Сняв фрак и ослабив шейный платок, Лоуренс сел на диван. Опустив руки на спинку дивана и небрежно перекинув ногу на ногу, он излучал беспечную элегантность, спокойно и непринужденно разглядывал ее, следил, когда она подошла к туалетному столику и положила щетку. Она двигалась грациозно, но неуверенно, точно напуганная голубка.
Свет отражался в ее густых каштановых волосах, ниспадавших на плечи. Свет отражался на нежной коже. Длинные темные ресницы отбрасывали веерообразные тени на нежные щеки. Глядя на нее, Лоуренс дивился странной ауре невинности, окружавшей Викторию, затем подавил недоуменную улыбку, догадавшись, что она почему-то старательно избегает его взгляда. Поведение Виктории в день свадьбы бросило ему вызов, однако, вопреки свойственной ей храбрости, она казалась поразительно робкой именно в тот момент, когда враждебные чувства между ними притупились.

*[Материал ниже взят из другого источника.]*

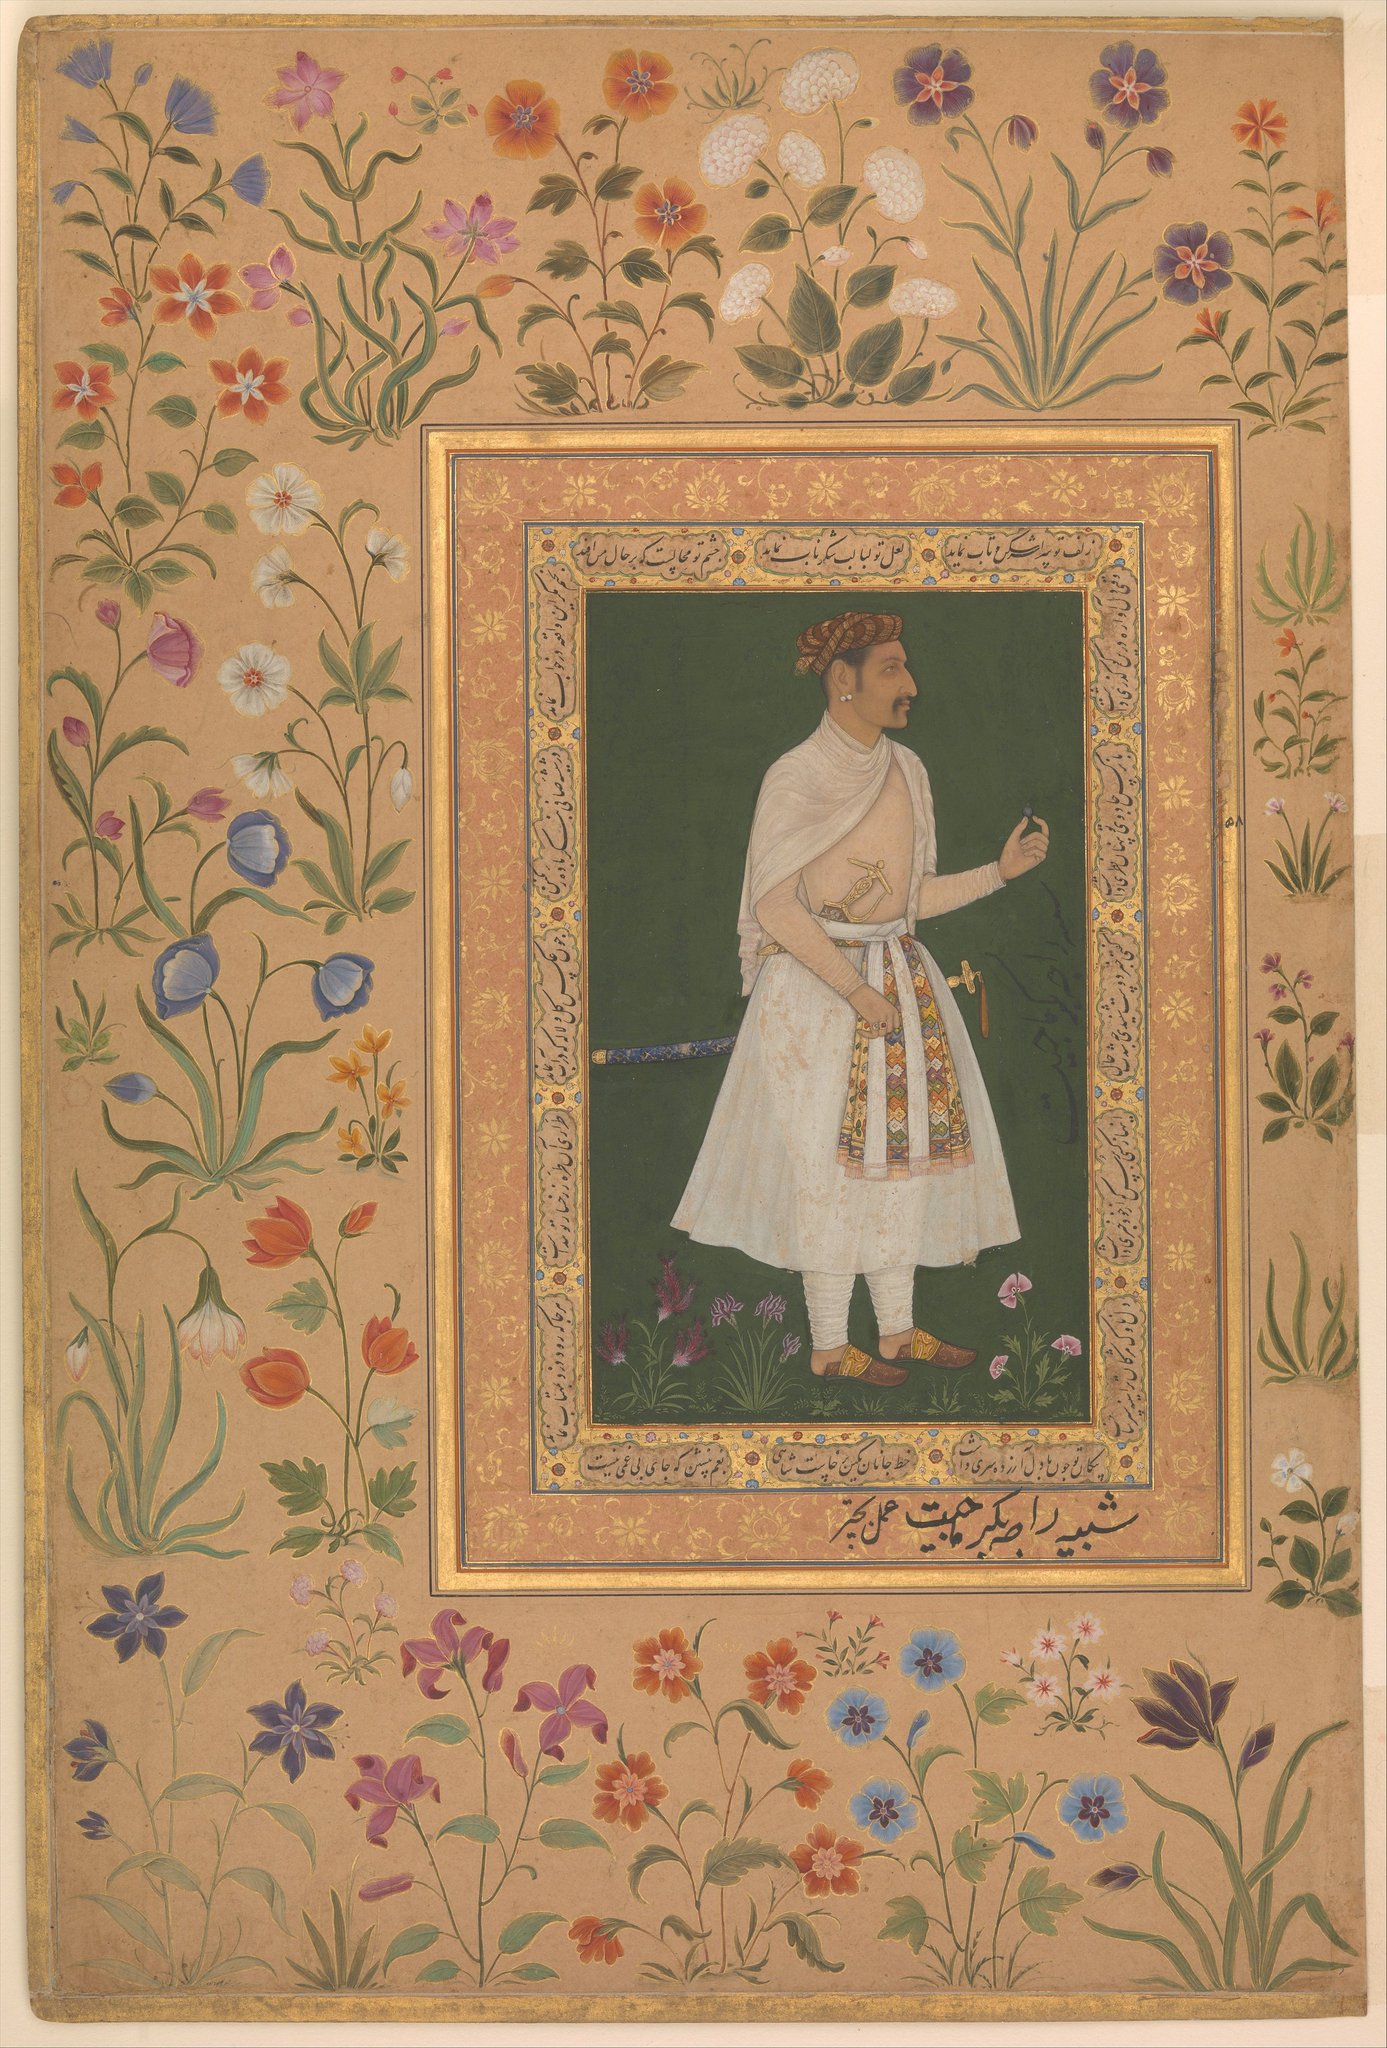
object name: album leaf
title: "Portrait of Raja Bikramajit (Sundar Das)", Folio from the Shah Jahan Album
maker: bichitr
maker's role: artist
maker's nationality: indian
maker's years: 1585-1685
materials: gold, ink, paper, watercolor
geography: india
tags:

– Ну что ж, – протянул Лоуренс томным голосом, отчего ее сердце растаяло, как всегда, – здесь уютно.
Уютно! Это слово вихрем отдалось в ее сознании. Виктория хорошо поняла, что под словом «уютно» он подразумевает обстановку, способствующую интимной близости. Догадалась об этом, поняла, что ситуация между ними безвозвратно изменилась с того мгновения, как она призналась, что хотела бы видеть его. Лоуренс тоже понимал это. Она обнаружила доказательство этого, пока Лоуренс смотрел на нее: в его глазах появилась незнакомая прежде нежность, что полностью лишило ее власти над собой. Она покачала головой, не веря глупому и бесполезному желанию обмануться. От прежнего самообладания не осталось и следа, никакие доводы уже не имели значения, ей негде скрыться от истины, заключавшейся в том, что Лоуренс желает ее. Они оба понимали это.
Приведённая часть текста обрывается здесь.